ENTRIES SHOWN:
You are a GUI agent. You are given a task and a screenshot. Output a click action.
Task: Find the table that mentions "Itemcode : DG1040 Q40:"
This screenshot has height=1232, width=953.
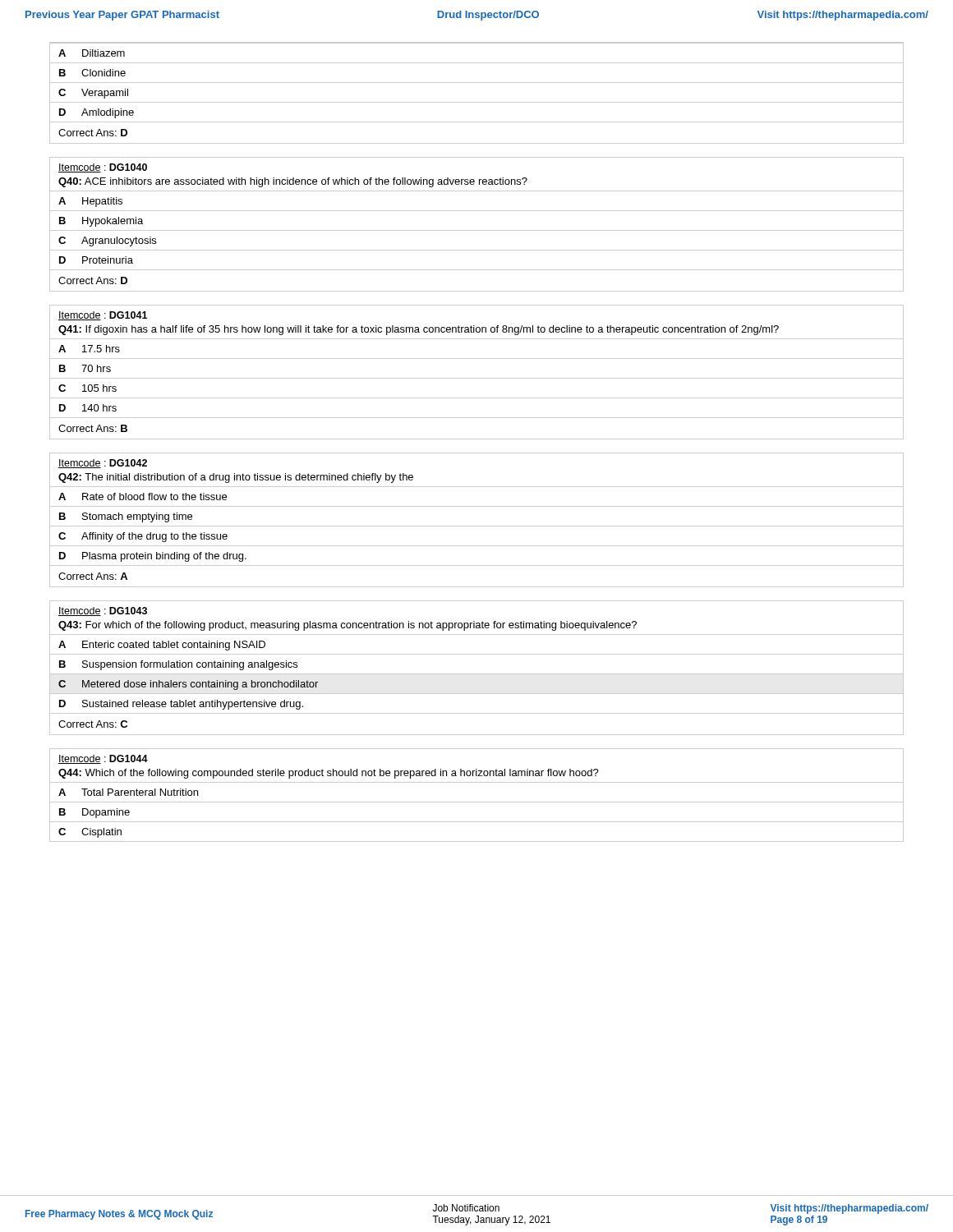pyautogui.click(x=476, y=224)
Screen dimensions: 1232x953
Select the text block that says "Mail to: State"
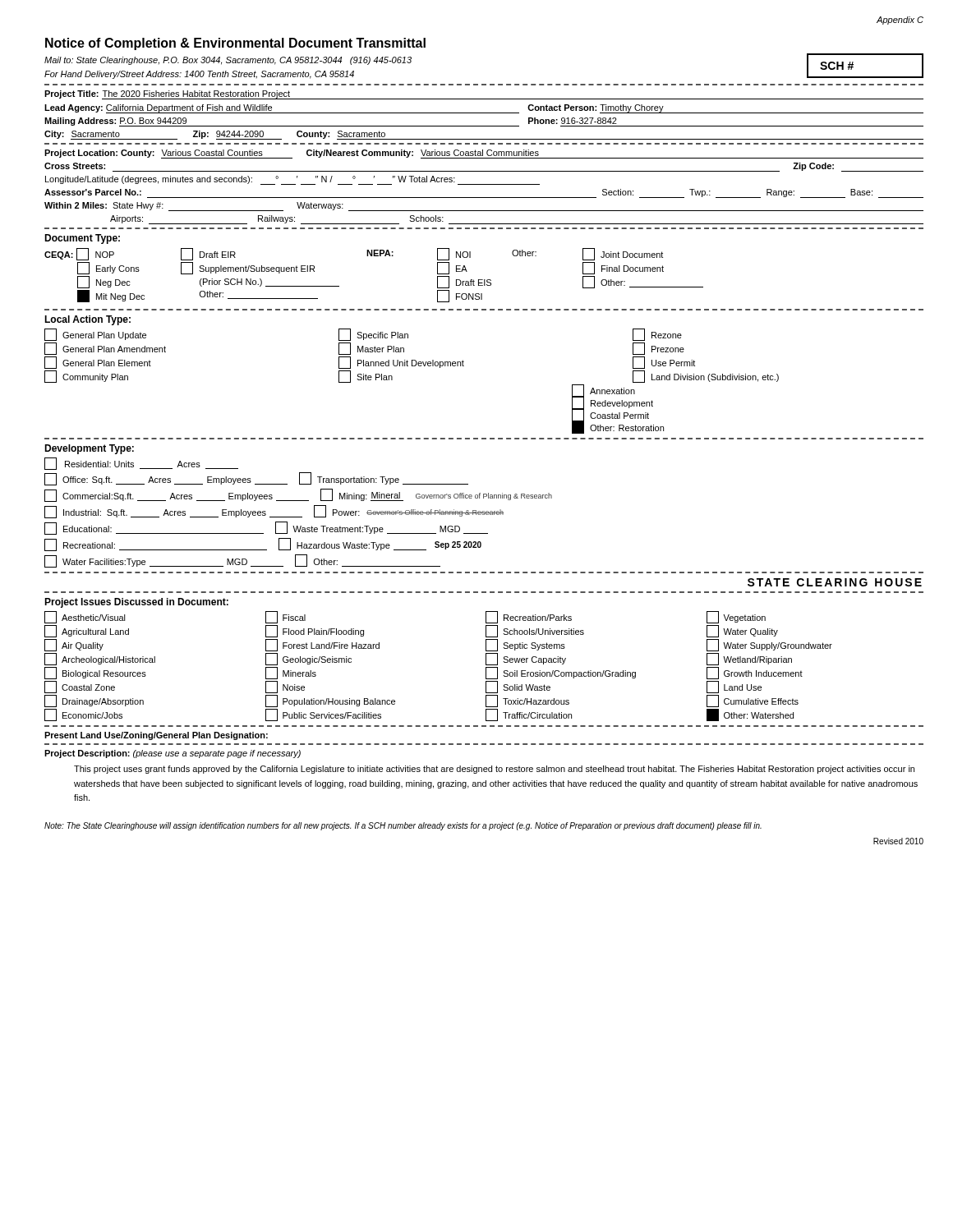[228, 67]

EXERCISE INSTRUCTIONS:
Please output all the data exactly as given, with the pictures omitted.

ANSWER BOX:
You are a GUI agent. You are given a task and a screenshot. Output a click action.
Task: Find the table that mentions "Itemcode : DG1040 Q40:"
This screenshot has height=1232, width=953.
pyautogui.click(x=476, y=224)
Screen dimensions: 1232x953
Select the text block that says "Mail to: State"
[228, 67]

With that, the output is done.